Subscription Required. Please recommend JoVE to your librarian.

Representative Results

Bu çalışmada, ticari olarak elde edilen granüler biyofilmler (granüler çamur olarak da bilinir) kullandık. Granüller, kendi kendine toplanma yoluyla oluşan küresel biyofilmlerdir, yani üzerinde büyümek için bir taşıyıcı veya yüzey gerektirmezler26. Şekil 3A , granüler bir biyofilmdeki yerel kırılma indisinin uzamsal varyasyonu nedeniyle ortaya çıkan temsili bir kesitsel OCT görüntüsünü göstermektedir. Biyofilmin nominal çapı 3 mm'dir. Numunenin yüzeyine yakın olan gözenekler ve boşluklar dahil olmak üzere bazı iç özellikler görüntüde görülmektedir. Numunenin derinliği boyunca artan optik saçılma, OCT ışık kaynağının numunenin merkezine ulaşmasını engeller, böylece merkezi bölgeyi herhangi bir fark edilebilir bilgiden yoksun hale getirir. Şekil 3B , 5.1 kHz'lik bir dönüştürücü uyarma frekansı için numunenin enine kesitsel OCE görüntüsünü göstermektedir. Görüntüdeki yerel kontrast, numunede yayılan elastik dalga tarafından indüklenen yerel dikey yer değiştirme ile ilişkilidir. Yayılma yolu boyunca saçakların fiziksel aralığı, elastik yüzey dalgasının dalga boyuna karşılık gelir. Yüzey dalgası numune yüzeyinin yakınında yayılır ve dalga boyuna yakın bir penetrasyon derinliğine sahiptir. Yüzey dalgası yer değiştirmesinin uzamsal kapsamı, numunedeki OCT ışık kaynağının sınırlı optik penetrasyonu nedeniyle görüntüde görülmez. Elastik dalga yayılma yolu boyunca optik faz dağılımı (Şekil 4A), yüzey dalgasının uzamsal frekansını belirlemek için kullanılır. Uzamsal frekans, hızlı Fourier Dönüşümü (FFT; Şekil 4B) verilerin ve FFT spektrumunun büyüklüğünün en büyük olduğu frekansın seçilmesi.

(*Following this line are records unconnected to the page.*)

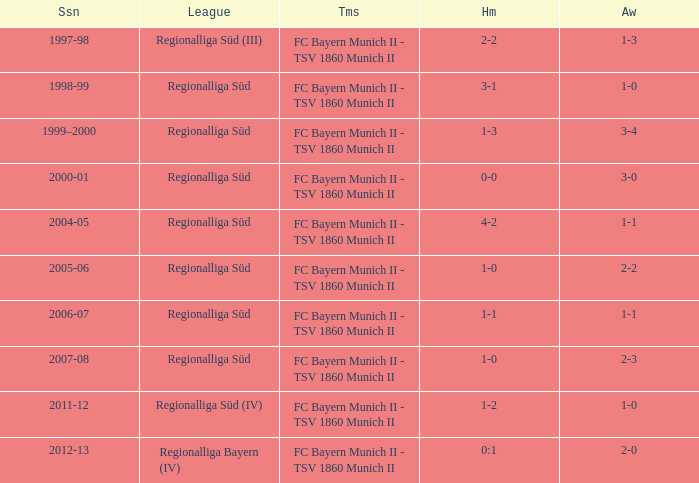Which season has the regionalliga süd (iii) league? 1997-98. Help me parse the entirety of this table. {'header': ['Ssn', 'League', 'Tms', 'Hm', 'Aw'], 'rows': [['1997-98', 'Regionalliga Süd (III)', 'FC Bayern Munich II - TSV 1860 Munich II', '2-2', '1-3'], ['1998-99', 'Regionalliga Süd', 'FC Bayern Munich II - TSV 1860 Munich II', '3-1', '1-0'], ['1999–2000', 'Regionalliga Süd', 'FC Bayern Munich II - TSV 1860 Munich II', '1-3', '3-4'], ['2000-01', 'Regionalliga Süd', 'FC Bayern Munich II - TSV 1860 Munich II', '0-0', '3-0'], ['2004-05', 'Regionalliga Süd', 'FC Bayern Munich II - TSV 1860 Munich II', '4-2', '1-1'], ['2005-06', 'Regionalliga Süd', 'FC Bayern Munich II - TSV 1860 Munich II', '1-0', '2-2'], ['2006-07', 'Regionalliga Süd', 'FC Bayern Munich II - TSV 1860 Munich II', '1-1', '1-1'], ['2007-08', 'Regionalliga Süd', 'FC Bayern Munich II - TSV 1860 Munich II', '1-0', '2-3'], ['2011-12', 'Regionalliga Süd (IV)', 'FC Bayern Munich II - TSV 1860 Munich II', '1-2', '1-0'], ['2012-13', 'Regionalliga Bayern (IV)', 'FC Bayern Munich II - TSV 1860 Munich II', '0:1', '2-0']]} 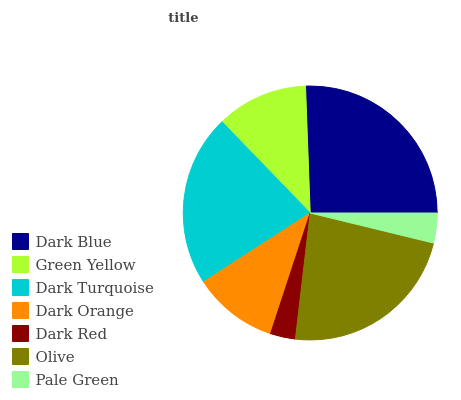Is Dark Red the minimum?
Answer yes or no. Yes. Is Dark Blue the maximum?
Answer yes or no. Yes. Is Green Yellow the minimum?
Answer yes or no. No. Is Green Yellow the maximum?
Answer yes or no. No. Is Dark Blue greater than Green Yellow?
Answer yes or no. Yes. Is Green Yellow less than Dark Blue?
Answer yes or no. Yes. Is Green Yellow greater than Dark Blue?
Answer yes or no. No. Is Dark Blue less than Green Yellow?
Answer yes or no. No. Is Green Yellow the high median?
Answer yes or no. Yes. Is Green Yellow the low median?
Answer yes or no. Yes. Is Dark Turquoise the high median?
Answer yes or no. No. Is Dark Orange the low median?
Answer yes or no. No.

OCE görüntüsünde optimum kontrast sergileyen bir saçak deseni üretmek için yeterli büyüklükte bir fonksiyon üreteci voltajı seçmek çok önemlidir. Bununla birlikte, Şekil 5A'da gösterildiği gibi OCE görüntüsünde faz kaymasına neden olabileceğinden aşırı büyük voltajlardan kaçınılmalıdır. Faz sarma, ölçümdeki optik faz farkının -π ile π arasındaki aralıkla sınırlı olması nedeniyle ortaya çıkar. Faz bu sınırlardan birini aştığında, karşı sınıra katlanarak süreksiz bir faz dağılımı oluşturur. Sonuç olarak, zorluklar yaratan ve potansiyel yanlışlıklara yol açabilen faz açma ihtiyacı ortaya çıkar. Doğru dalga ölçümleri için dikkate alınması gereken bir diğer faktör, OCE görüntüsünde bulunan saçakların sayısıdır. Şekil 5B'de gösterilen düşük dönüştürücü frekanslarında, granülün küçük boyutu nedeniyle yüzey dalgasının tam bir salınım döngüsü tam olarak yakalanamayabilir ve FFT spektrumu, uzamsal frekans (veya ters dalga boyu) için hatalı tahminler verebilir. Uzamsal frekans tahminindeki bir başka hata kaynağı, OCT görüntüsünde yüzey dalgaları ve toplu kesme dalgaları gibi uzamsal olarak örtüşen elastik dalga modlarının varlığıdır. Bu dalga modları, analiz edilmesi zor olabilecek karmaşık girişim kalıpları oluşturarak karışır. Yüzey dalgalarının ötesinde çeşitli dalga modlarının varlığı, spesifik numuneye, uyarma frekansına ve genliğe bağlı olarak dönüştürücünün yakınında parazit etkileri oluşturabilir. Şekil 6 , 5.5 kHz'lik bir uyarma frekansı ile elde edilen ve yerel uyarma noktasına yakın bir toplu kesme dalgasının yüzey dalgası alanına müdahale ettiği bir OCE görüntüsünün bir örneğidir. Şekil 7A , Şekil 4A'da gözlemlenen ve dalga modlarının kombinasyonuna atfedilen bozunan sinüs dalgası modelinden ayrılan bir faz dağılımını göstermektedir. Sonuç olarak, ortaya çıkan FFT, Şekil 7B'de gösterildiği gibi daha geniş bir tepe noktası sergiler. Aynı fenomen, boşluklar veya elastik/viskoelastik özelliklerde belirgin varyasyonlar olan bölgeler gibi kusurların yakınında da meydana gelebilir. Bu alanlarda, yerel yer değiştirme alanı, gelen veya yüzey dalgasının girişimi ve kusurdan saçılan dalgalar nedeniyle değiştirilir.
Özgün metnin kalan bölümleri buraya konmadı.